Once you find the line that contains "Output: a JSON", transcribe it and each line after it through the end of the listing, exactly as written.

# Data shown:
= = = =

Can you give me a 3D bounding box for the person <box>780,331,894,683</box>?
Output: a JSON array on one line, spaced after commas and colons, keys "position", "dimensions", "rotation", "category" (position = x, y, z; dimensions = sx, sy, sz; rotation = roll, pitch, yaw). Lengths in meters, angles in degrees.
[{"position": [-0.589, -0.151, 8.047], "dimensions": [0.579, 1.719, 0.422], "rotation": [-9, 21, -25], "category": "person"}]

= = = =

# Output for this exercise:
Output: a JSON array on one line, spaced after commas and colons, keys "position", "dimensions", "rotation", "category" (position = x, y, z; dimensions = sx, sy, sz; rotation = roll, pitch, yaw). Lengths in meters, angles in degrees.
[{"position": [-0.589, -0.151, 8.047], "dimensions": [0.579, 1.719, 0.422], "rotation": [-9, 21, -25], "category": "person"}]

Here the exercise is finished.